James Brewer's bakery was established in 1897 and was still operating in Badsey in the 1950s. Brewers Lane is named after the man and the bakery. Here Don Barnard describes what it was like to work there in the mid-1950s.

This is a personal recollection of working in the summer for Brewer's Bakery, in Brewers Lane. It must have been in 1955 or 1956, when I was 15 or 16, and I was hired on a cash-in-hand basis to help out with the baking.

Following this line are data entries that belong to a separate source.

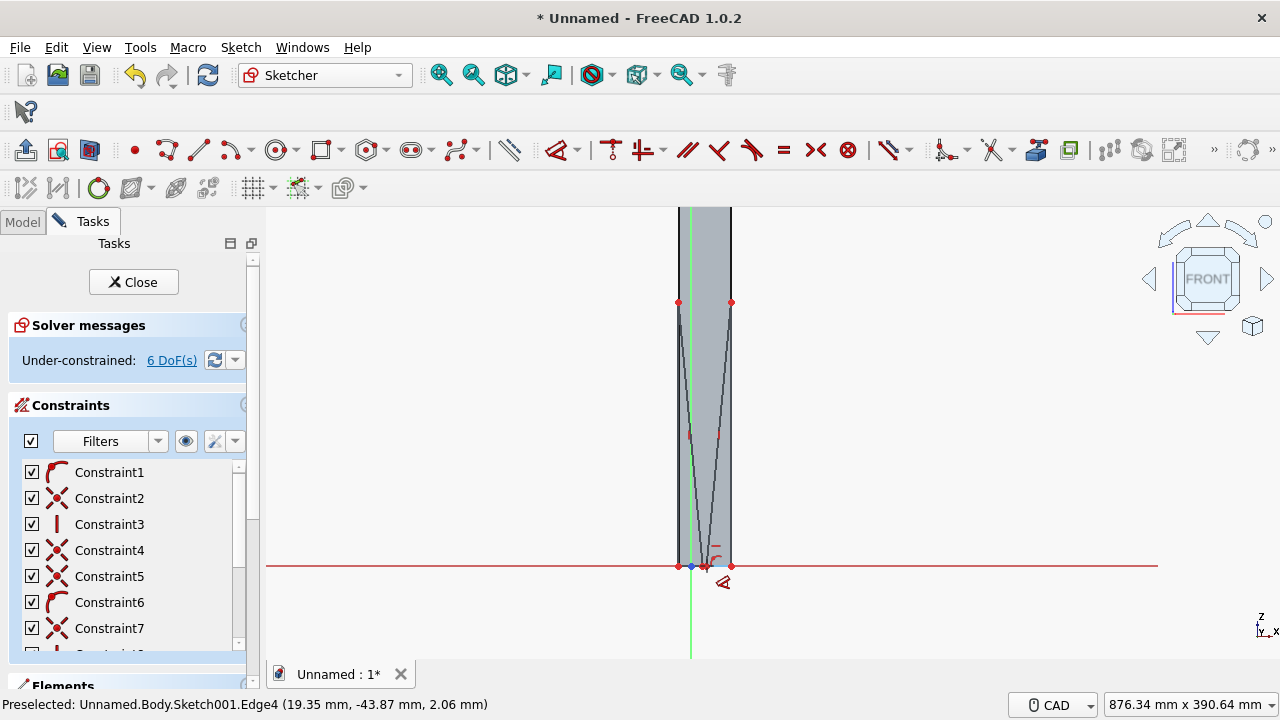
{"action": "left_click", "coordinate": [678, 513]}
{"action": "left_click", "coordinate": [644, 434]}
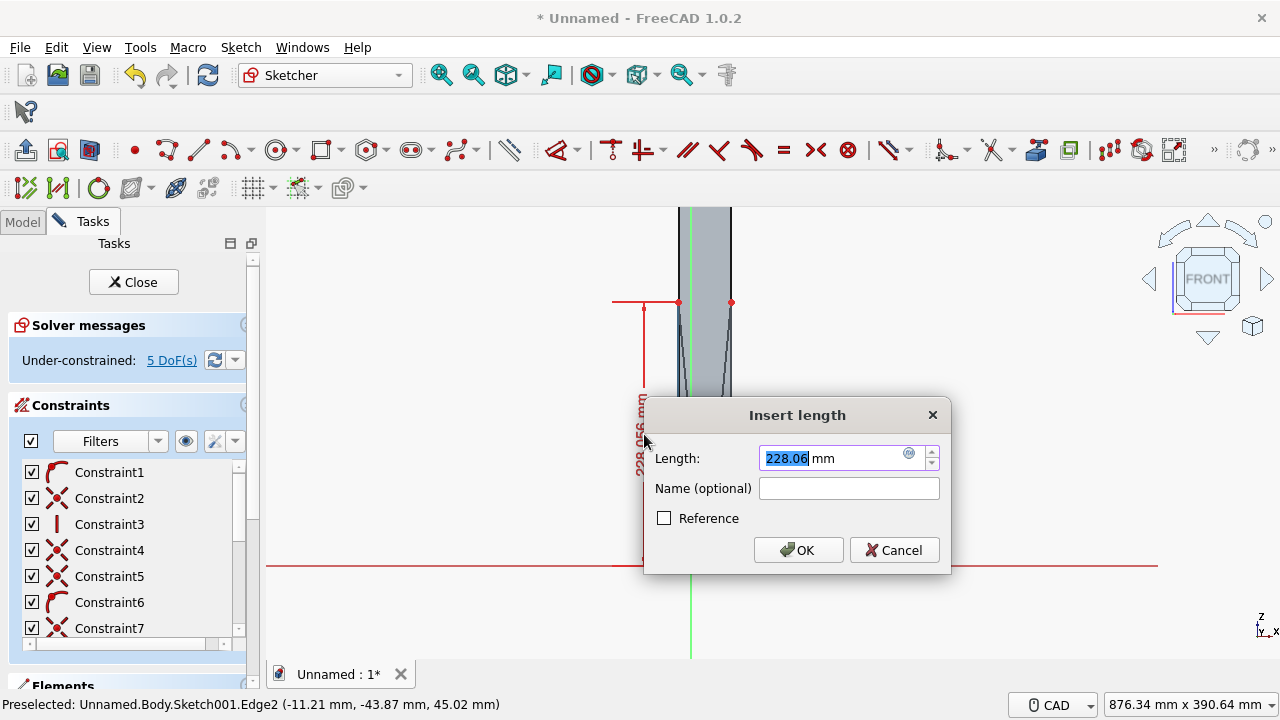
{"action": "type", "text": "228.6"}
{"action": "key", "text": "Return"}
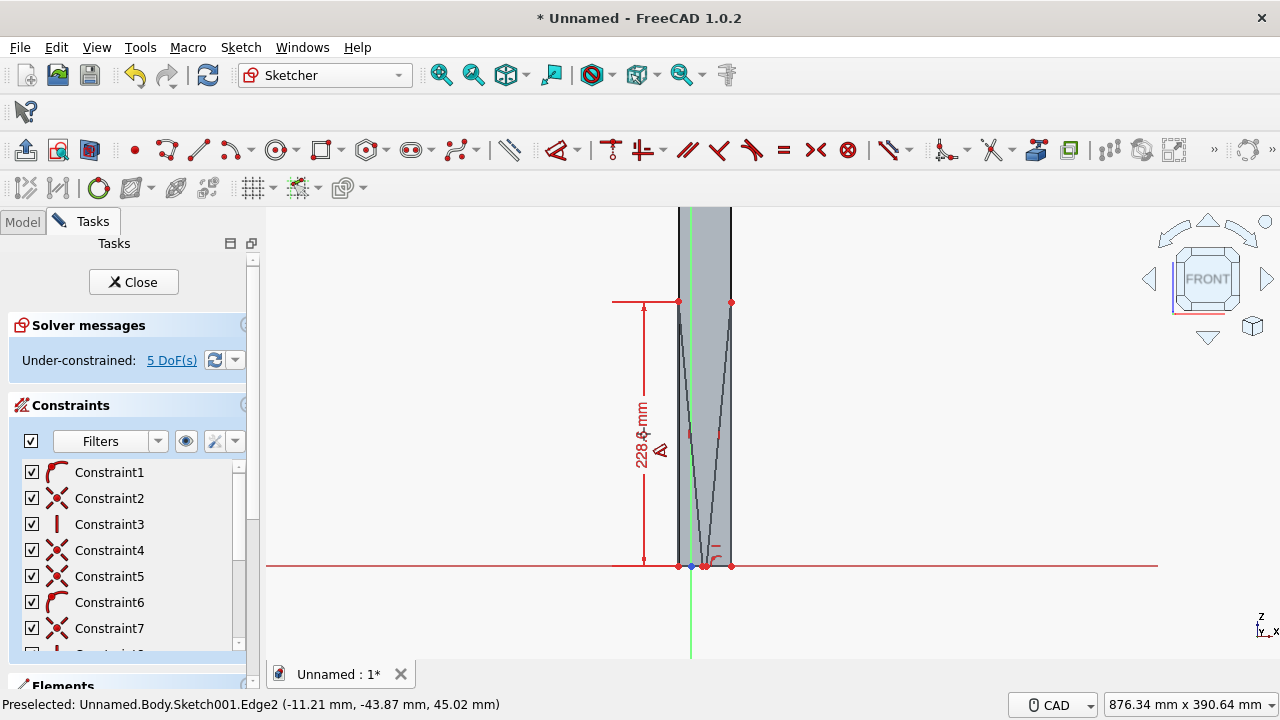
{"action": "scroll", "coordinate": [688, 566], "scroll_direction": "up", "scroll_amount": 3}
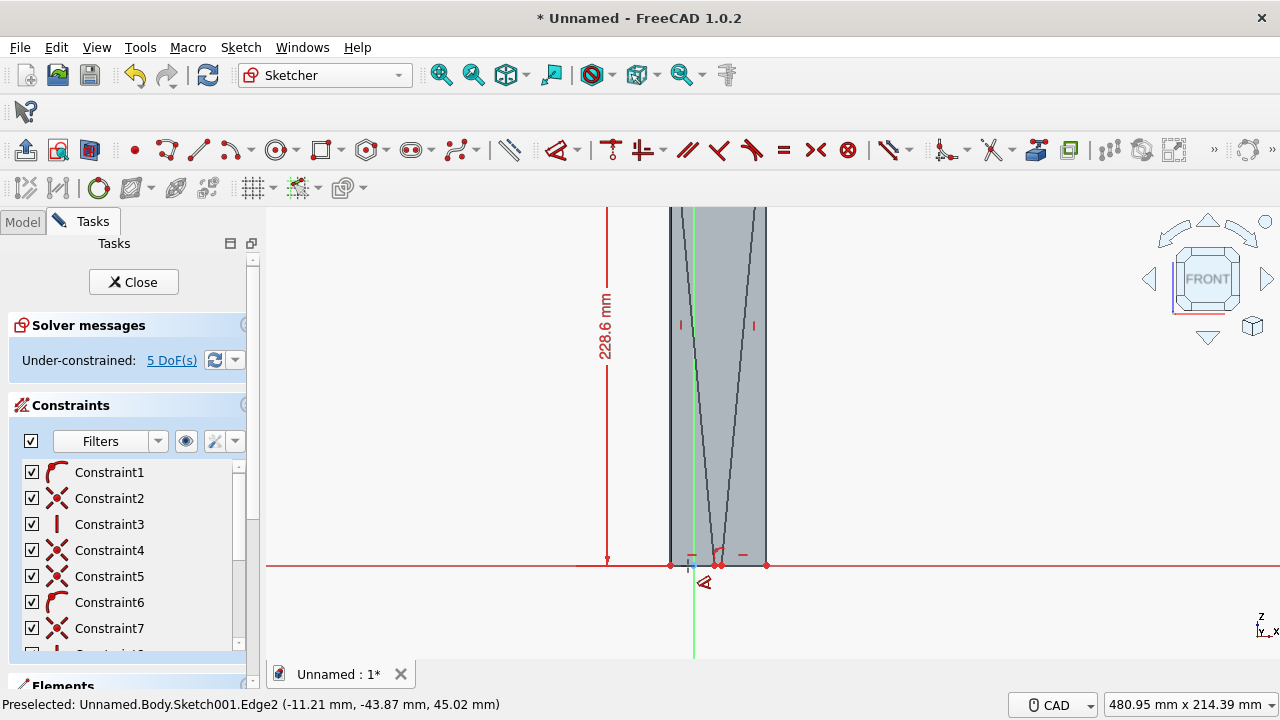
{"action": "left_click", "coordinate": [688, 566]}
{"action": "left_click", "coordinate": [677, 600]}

Apart from two long wide tables for kneading and a couple of mechanical mixers, the bakery had a large oven about 15 feet long fed by a continually moving belt. Loaf tins with risen dough were loaded at one end, carried through as they cooked and taken off at the other. I recall the belt being about 10 tins wide, so unloading at the end was a tricky business. You handled the hot tins with sacking gloves, knocked out the loaves into a tray and stacked the tins, while the rest of the row got nearer and nearer to falling on the floor.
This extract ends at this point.